Work instructions — Examine each line of the data. Copy the line if it includes the word "value".

Dataset records —
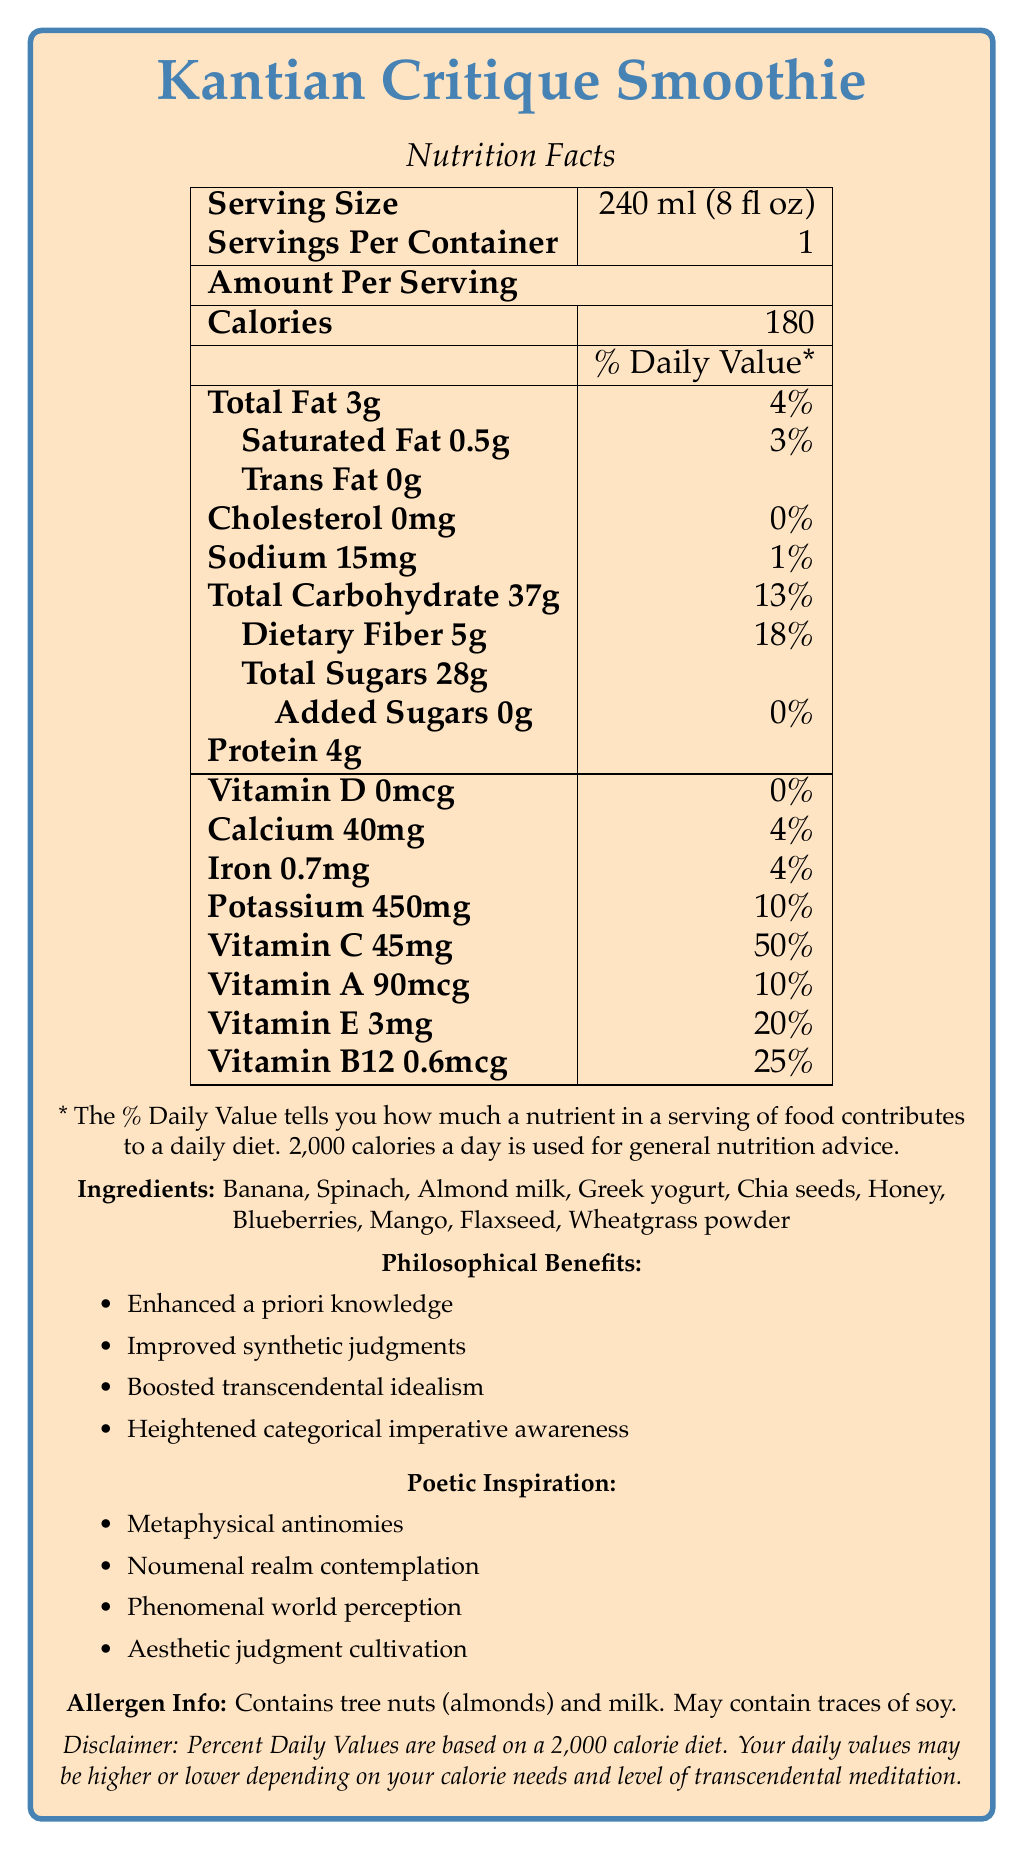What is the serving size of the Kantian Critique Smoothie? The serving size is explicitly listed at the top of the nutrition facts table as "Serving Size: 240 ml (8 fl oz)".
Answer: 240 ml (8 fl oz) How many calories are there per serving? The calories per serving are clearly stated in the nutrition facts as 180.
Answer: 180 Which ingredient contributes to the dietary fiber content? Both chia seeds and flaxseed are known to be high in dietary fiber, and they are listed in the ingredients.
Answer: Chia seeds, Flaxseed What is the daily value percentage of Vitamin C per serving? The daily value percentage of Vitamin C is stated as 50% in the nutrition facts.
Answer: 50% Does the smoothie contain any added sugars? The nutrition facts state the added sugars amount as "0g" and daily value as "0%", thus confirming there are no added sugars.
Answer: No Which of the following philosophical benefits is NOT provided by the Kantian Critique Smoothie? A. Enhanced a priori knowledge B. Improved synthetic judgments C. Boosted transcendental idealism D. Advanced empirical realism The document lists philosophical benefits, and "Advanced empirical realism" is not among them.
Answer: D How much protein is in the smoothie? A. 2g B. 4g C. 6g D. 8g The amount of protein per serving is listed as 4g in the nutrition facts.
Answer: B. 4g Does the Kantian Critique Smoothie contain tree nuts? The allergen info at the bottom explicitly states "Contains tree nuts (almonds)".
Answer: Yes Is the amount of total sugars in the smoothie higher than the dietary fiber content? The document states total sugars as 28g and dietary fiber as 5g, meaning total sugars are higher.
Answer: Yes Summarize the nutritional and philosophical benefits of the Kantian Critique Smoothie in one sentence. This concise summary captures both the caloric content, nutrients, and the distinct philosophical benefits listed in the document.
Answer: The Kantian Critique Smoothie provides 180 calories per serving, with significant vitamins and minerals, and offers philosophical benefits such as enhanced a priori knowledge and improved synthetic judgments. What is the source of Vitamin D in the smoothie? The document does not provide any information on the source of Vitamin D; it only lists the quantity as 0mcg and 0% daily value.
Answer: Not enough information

Exercise output —
Answer: Chia seeds, Flaxseed What is the daily value percentage of Vitamin C per serving? The daily value percentage of Vitamin C is stated as 50% in the nutrition facts.
Answer: 50% Does the smoothie contain any added sugars? The nutrition facts state the added sugars amount as "0g" and daily value as "0%", thus confirming there are no added sugars.
Answer: The Kantian Critique Smoothie provides 180 calories per serving, with significant vitamins and minerals, and offers philosophical benefits such as enhanced a priori knowledge and improved synthetic judgments. What is the source of Vitamin D in the smoothie? The document does not provide any information on the source of Vitamin D; it only lists the quantity as 0mcg and 0% daily value.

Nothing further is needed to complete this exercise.